Chairman of the South Carolina Republican Party
- In office 1968–1971
- Preceded by: Harry S. Dent, Sr.
- Succeeded by: C. Kenneth Powell

Personal details
- Born: February 3, 1927 Forestville, North Carolina
- Died: May 30, 2016 (aged 89) Darlington, South Carolina
- Spouse: Vi Harris
- Alma mater: Wake Forest University
- Occupation: Real estate

= Raymond A. Harris =

American politician

Raymond A. Harris (February 3, 1927 – May 30, 2016) was the chairman of the South Carolina Republican Party from 1968–1971.

Serving in WW2 in the Naval Air Corps, Ray graduated from Wake Forest in 1950 with a Bachelor of Arts.

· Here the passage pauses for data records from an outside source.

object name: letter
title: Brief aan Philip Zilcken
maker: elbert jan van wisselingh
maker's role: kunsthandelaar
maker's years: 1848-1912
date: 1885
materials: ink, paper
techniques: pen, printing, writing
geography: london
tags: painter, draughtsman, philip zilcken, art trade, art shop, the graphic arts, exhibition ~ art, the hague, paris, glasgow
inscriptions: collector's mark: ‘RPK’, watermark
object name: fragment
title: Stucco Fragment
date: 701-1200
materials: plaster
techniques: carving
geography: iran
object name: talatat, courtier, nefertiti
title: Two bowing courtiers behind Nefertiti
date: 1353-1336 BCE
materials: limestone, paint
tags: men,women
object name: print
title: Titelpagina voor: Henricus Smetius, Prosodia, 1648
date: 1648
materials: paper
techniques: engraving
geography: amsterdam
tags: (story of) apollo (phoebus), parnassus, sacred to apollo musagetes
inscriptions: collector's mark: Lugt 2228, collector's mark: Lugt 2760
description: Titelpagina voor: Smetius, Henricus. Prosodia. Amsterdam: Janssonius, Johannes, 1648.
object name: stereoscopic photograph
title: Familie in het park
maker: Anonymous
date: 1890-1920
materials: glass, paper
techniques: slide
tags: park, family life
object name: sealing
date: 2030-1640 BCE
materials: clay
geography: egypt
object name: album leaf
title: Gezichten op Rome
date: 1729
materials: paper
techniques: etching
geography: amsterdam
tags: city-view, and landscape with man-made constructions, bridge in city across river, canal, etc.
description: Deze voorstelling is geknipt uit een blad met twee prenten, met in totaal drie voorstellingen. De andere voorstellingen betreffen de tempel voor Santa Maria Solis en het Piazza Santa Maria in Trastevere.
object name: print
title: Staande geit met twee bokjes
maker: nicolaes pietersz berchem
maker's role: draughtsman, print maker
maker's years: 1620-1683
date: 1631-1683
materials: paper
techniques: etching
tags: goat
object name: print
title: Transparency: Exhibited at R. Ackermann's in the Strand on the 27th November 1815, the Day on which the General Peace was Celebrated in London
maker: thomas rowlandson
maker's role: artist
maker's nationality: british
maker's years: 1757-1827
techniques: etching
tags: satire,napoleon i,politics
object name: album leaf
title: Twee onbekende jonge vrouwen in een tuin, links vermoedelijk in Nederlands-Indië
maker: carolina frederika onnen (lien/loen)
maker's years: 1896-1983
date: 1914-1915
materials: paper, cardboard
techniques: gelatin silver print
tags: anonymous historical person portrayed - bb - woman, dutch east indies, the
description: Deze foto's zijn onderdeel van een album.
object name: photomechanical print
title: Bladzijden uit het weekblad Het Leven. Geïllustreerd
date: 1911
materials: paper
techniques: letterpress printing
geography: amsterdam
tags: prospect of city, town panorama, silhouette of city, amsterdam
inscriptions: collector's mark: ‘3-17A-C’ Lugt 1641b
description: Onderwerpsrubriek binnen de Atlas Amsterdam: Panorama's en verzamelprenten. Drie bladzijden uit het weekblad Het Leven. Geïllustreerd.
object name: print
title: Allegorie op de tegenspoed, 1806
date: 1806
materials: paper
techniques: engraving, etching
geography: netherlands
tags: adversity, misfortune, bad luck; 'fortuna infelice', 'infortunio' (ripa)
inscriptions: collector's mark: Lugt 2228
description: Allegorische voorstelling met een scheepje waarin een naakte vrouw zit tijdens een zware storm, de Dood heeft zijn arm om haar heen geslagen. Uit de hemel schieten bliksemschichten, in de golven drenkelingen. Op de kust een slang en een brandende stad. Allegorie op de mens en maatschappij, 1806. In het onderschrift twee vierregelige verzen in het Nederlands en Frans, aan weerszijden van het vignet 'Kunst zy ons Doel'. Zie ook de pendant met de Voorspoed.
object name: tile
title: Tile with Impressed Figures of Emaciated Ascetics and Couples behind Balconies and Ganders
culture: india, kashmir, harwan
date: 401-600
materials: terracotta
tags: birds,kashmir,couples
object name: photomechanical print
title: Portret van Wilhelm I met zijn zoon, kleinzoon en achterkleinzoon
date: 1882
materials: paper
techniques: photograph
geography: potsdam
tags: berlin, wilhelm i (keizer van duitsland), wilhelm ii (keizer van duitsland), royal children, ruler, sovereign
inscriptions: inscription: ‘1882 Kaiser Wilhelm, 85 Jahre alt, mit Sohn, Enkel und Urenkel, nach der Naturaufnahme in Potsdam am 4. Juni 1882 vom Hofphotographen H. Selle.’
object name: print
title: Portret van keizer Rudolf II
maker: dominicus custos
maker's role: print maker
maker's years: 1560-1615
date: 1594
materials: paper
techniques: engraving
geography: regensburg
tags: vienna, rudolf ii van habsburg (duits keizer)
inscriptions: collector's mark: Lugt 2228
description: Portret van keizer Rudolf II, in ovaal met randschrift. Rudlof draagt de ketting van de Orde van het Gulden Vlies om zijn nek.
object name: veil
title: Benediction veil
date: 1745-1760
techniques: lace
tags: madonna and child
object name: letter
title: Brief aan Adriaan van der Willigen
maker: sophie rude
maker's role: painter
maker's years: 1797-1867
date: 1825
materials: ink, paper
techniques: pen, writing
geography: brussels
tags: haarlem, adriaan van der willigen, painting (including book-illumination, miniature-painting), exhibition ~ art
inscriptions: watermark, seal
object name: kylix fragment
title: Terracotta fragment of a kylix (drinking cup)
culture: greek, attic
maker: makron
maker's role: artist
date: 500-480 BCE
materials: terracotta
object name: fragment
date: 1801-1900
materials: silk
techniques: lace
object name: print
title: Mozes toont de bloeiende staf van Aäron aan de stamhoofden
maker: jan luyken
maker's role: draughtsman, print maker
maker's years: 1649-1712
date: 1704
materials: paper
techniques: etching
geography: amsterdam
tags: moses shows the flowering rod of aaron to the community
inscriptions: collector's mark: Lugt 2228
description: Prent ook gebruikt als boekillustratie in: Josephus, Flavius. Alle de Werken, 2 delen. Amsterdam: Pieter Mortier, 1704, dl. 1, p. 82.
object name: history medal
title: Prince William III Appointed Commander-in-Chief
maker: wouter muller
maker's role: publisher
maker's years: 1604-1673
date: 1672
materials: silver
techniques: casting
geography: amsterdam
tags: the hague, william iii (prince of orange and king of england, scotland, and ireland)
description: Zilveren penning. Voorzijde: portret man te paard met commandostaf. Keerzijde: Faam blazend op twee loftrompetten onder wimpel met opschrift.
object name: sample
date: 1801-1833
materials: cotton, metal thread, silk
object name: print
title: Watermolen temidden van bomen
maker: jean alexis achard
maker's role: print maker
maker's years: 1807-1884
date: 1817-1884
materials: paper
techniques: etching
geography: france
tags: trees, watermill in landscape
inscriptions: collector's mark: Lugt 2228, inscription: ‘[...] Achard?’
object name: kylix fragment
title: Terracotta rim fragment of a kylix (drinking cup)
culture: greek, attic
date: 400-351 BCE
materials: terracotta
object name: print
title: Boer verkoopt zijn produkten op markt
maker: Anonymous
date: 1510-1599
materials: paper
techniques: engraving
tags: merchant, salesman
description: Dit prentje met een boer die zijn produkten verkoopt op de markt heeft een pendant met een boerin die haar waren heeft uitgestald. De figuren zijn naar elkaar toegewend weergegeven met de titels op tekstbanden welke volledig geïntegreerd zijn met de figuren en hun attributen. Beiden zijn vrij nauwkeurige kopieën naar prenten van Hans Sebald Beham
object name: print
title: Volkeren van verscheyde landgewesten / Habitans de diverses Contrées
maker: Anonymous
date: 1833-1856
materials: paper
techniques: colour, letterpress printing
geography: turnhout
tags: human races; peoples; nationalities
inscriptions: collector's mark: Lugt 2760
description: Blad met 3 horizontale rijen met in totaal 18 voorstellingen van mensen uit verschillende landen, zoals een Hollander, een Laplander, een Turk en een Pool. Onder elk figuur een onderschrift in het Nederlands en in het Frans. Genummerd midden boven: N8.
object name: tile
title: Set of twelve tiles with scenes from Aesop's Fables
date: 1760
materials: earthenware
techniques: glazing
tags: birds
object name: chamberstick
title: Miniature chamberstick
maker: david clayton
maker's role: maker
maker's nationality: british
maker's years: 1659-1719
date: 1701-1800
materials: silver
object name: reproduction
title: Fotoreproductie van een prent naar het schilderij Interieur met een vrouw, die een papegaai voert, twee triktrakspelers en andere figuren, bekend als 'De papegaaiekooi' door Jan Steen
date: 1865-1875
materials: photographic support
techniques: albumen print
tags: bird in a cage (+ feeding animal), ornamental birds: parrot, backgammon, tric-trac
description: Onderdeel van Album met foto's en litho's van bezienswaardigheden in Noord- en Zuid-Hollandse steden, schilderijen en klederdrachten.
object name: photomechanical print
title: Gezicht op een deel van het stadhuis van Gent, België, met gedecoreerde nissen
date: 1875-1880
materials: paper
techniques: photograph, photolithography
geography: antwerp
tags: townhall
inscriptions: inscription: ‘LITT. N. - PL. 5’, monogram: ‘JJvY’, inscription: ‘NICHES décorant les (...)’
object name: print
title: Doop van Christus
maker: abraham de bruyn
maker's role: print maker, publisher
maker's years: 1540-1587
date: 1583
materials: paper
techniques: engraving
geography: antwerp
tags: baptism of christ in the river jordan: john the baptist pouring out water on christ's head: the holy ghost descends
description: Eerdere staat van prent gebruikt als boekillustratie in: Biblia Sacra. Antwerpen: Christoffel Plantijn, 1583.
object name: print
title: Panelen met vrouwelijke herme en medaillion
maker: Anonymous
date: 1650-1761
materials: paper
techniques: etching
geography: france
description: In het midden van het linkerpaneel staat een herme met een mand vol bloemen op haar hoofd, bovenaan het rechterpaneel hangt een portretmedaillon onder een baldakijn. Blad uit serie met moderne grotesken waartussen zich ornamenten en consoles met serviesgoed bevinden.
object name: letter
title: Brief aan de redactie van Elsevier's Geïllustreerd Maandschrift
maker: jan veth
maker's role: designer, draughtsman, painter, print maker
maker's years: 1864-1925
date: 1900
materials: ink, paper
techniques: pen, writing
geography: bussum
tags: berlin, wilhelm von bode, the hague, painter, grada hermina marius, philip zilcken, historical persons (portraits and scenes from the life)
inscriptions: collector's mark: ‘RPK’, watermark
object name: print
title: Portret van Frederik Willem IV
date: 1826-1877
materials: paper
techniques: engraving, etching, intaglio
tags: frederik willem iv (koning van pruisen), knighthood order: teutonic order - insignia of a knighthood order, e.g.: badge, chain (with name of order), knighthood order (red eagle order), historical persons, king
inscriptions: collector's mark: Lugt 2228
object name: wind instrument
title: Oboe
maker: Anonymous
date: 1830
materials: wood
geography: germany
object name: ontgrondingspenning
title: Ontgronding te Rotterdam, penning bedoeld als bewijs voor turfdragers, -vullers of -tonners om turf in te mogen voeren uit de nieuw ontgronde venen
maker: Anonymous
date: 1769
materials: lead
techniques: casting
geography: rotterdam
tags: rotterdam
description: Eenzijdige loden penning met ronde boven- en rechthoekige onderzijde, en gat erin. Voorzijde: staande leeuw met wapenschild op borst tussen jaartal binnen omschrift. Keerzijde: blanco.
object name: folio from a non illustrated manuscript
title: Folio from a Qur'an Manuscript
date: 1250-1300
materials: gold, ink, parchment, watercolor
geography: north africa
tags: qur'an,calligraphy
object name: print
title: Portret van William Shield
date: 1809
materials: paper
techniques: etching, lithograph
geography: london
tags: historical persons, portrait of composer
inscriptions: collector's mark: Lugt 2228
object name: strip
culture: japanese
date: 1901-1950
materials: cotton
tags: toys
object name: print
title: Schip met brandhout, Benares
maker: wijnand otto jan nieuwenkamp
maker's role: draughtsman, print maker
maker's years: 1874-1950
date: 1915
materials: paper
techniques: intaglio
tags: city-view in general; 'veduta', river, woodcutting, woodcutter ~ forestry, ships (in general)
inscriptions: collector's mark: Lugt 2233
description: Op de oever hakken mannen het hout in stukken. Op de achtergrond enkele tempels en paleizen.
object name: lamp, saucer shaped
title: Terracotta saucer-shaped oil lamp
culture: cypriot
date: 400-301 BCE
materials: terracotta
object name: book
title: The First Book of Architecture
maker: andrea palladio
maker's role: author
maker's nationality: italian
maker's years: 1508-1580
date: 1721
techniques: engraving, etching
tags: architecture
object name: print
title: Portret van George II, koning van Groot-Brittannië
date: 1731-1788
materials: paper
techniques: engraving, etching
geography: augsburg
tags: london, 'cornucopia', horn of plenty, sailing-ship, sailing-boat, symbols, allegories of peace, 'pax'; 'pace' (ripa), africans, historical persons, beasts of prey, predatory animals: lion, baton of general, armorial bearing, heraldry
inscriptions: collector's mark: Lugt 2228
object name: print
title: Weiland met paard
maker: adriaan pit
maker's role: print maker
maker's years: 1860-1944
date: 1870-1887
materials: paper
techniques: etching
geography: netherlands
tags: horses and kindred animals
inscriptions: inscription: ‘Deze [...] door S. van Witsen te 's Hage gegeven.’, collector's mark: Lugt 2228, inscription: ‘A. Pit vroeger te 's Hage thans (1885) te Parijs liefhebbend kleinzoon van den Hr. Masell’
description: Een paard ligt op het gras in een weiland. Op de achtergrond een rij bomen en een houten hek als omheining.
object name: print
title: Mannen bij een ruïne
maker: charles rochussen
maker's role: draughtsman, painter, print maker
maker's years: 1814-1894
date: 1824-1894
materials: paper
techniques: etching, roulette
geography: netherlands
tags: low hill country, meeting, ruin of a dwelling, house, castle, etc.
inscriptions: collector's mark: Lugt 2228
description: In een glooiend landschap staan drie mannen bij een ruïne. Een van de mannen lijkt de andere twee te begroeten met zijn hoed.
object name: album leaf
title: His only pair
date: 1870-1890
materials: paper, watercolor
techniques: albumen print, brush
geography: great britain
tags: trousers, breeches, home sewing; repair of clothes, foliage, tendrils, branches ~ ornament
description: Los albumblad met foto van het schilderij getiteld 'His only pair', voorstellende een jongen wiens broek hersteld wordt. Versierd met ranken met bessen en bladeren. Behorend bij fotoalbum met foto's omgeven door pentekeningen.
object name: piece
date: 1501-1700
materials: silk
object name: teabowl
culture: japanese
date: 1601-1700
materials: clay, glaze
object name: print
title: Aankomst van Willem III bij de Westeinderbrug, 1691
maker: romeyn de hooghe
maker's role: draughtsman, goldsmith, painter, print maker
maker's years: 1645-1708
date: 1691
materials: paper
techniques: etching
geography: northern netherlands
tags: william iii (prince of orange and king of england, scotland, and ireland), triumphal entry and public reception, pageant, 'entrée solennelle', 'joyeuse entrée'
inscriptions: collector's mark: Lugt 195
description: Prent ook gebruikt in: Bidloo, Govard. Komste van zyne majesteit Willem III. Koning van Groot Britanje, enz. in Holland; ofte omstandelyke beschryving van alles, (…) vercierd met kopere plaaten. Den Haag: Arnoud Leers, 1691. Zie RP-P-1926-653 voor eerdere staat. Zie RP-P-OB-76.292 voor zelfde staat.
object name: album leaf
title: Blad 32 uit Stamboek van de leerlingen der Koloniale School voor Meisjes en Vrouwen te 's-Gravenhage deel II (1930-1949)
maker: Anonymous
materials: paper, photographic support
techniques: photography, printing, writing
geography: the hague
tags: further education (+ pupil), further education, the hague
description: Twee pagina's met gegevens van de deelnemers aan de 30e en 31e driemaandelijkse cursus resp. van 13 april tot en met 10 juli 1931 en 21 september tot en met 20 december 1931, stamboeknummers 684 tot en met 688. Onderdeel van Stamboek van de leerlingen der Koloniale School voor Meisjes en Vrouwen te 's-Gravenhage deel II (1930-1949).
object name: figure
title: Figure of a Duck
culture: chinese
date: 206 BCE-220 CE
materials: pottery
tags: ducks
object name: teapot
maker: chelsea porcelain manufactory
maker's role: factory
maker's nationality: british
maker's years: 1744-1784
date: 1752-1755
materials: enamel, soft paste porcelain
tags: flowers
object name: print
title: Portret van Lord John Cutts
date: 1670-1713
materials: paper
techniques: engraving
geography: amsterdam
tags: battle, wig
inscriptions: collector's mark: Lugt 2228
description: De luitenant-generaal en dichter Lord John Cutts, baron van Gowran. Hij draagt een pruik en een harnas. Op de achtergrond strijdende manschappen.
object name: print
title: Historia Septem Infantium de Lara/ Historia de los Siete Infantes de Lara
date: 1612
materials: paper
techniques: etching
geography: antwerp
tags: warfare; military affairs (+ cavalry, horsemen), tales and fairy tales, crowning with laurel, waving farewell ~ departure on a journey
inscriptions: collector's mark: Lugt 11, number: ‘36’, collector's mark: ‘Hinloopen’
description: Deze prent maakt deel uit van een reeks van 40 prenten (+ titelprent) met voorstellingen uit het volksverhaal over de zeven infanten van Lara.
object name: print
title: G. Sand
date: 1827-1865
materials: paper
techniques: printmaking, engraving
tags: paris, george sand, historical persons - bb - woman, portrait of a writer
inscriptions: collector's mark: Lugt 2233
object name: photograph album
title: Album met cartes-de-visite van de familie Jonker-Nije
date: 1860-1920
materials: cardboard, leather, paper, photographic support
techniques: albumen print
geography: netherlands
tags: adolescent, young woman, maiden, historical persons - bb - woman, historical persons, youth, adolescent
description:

From 1965 to 1968, he was the Executive Director of the South Carolina Republican Party under SCGOP Chairman Harry S. Dent, Sr.; He was State Chairman of the SC Republican Party from 1968–1971; Delegate from South Carolina to the Republican national Convention 1976 in Kansas City, KS; Member, Republican national Committee from SC 1976–1980.

In 1974 he was appointed to the national Corp. of Housing Partnerships from President Nixon. In 1984 he was appointed Regional Administrator of HUD Region IV Atlanta, GA by HUD Secretary, Sam Pierce and reappointed in 1987 by then Secretary of HUD Jack Kemp.

In 1991 President Bush conferred the Rank of Meritorious Executive, Senior Executive Service, "For Sustained accomplishments in Managing HUD Programs" in the 8 southeastern states, including Puerto Rico.

He was the Director, Darlington County Economic Development from 1996–2003.